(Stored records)
────

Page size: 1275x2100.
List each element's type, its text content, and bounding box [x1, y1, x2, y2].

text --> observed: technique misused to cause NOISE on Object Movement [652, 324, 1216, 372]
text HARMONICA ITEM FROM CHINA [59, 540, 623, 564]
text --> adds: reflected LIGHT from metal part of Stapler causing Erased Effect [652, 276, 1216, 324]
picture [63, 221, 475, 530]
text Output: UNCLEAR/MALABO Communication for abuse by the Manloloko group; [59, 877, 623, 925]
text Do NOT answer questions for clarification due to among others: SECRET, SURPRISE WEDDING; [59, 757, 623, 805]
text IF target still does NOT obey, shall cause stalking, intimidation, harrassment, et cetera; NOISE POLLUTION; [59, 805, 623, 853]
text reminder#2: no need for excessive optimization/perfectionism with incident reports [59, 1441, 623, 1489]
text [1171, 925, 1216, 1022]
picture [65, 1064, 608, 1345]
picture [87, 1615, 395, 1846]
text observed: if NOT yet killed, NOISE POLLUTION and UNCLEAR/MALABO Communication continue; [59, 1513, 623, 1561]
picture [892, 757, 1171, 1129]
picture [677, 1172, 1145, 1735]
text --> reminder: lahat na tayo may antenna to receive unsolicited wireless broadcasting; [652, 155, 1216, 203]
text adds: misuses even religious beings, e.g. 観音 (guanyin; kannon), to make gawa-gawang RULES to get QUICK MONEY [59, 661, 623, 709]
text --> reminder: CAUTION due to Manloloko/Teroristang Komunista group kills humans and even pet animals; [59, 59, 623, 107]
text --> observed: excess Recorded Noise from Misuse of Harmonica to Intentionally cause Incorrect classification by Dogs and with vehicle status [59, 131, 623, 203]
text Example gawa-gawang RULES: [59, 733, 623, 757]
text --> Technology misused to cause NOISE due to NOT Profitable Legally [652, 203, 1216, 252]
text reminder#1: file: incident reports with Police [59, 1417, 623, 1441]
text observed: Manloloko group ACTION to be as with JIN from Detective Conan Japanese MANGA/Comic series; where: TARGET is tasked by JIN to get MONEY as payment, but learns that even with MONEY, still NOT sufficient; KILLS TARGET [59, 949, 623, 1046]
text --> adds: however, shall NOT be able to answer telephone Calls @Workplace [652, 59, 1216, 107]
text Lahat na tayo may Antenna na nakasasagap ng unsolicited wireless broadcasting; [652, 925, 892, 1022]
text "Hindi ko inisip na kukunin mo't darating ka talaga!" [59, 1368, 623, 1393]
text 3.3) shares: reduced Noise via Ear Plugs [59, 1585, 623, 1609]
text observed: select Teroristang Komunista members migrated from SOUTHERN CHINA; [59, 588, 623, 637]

────

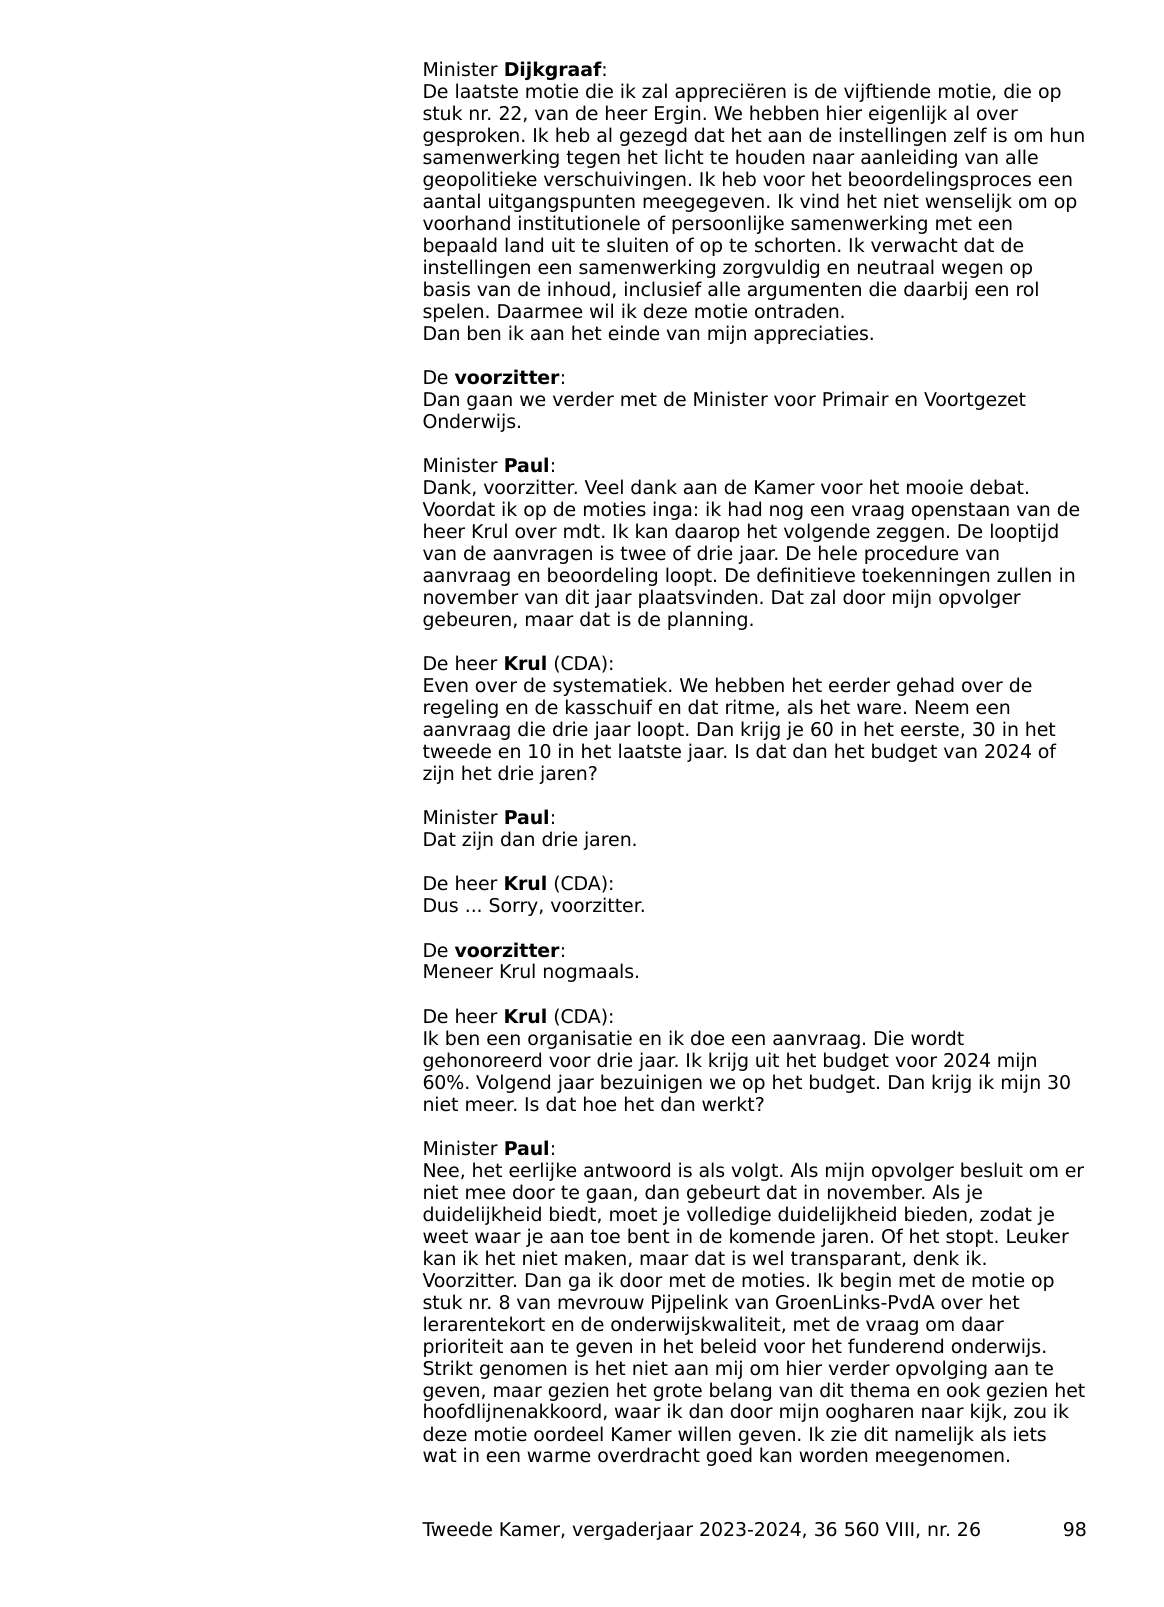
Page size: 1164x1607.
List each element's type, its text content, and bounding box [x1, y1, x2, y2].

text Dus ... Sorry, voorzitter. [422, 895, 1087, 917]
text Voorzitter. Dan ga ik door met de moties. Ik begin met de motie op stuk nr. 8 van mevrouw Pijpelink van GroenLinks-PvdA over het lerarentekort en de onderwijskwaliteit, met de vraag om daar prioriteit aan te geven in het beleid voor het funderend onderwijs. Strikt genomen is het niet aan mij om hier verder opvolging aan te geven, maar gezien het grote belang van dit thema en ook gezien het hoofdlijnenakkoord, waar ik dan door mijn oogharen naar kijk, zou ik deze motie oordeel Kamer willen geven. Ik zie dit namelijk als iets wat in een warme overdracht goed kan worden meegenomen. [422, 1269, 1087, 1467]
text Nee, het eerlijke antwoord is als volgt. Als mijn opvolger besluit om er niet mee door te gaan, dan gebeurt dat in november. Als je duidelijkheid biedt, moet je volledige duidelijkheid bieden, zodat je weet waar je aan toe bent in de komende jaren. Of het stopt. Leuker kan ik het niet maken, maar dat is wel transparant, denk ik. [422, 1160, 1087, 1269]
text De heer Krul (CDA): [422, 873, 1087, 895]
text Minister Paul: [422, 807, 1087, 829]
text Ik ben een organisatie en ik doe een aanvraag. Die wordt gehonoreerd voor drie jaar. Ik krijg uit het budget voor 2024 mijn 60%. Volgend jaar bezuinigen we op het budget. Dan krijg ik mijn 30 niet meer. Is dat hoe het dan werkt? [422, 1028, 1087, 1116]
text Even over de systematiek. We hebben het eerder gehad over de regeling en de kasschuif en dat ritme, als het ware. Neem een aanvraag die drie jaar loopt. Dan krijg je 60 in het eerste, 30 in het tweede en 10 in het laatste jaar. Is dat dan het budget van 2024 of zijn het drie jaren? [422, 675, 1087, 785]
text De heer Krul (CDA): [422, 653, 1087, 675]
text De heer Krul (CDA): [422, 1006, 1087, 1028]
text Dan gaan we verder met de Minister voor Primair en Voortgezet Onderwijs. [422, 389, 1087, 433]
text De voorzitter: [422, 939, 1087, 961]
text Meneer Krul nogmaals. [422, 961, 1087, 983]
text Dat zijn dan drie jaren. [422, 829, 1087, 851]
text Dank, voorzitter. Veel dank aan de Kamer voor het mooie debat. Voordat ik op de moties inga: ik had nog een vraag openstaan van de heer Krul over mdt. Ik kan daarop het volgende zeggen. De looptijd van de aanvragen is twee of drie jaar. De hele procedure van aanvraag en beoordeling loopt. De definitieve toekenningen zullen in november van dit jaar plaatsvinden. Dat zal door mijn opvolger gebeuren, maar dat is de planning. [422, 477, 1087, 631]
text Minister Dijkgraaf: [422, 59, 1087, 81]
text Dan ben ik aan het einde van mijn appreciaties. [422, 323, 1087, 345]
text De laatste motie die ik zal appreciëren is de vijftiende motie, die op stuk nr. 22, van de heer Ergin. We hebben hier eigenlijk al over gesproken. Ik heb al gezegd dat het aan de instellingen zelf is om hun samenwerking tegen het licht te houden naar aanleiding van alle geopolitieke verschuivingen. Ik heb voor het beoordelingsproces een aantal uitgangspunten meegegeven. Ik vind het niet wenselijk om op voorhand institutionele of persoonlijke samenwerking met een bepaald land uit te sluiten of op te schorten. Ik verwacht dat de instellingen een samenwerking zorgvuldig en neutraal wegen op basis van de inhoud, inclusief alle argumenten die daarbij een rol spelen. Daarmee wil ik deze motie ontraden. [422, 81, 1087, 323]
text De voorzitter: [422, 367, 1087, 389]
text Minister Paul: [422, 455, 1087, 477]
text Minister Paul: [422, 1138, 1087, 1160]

────

- [Directions]:
Take the entries above and return only the lines from the one with "text --> Technology" to the one with "text observed: Manloloko", both included, unchanged.

- [Answer area]:
text --> Technology misused to cause NOISE due to NOT Profitable Legally [652, 203, 1216, 252]
text reminder#1: file: incident reports with Police [59, 1417, 623, 1441]
text observed: Manloloko group ACTION to be as with JIN from Detective Conan Japanese MANGA/Comic series; where: TARGET is tasked by JIN to get MONEY as payment, but learns that even with MONEY, still NOT sufficient; KILLS TARGET [59, 949, 623, 1046]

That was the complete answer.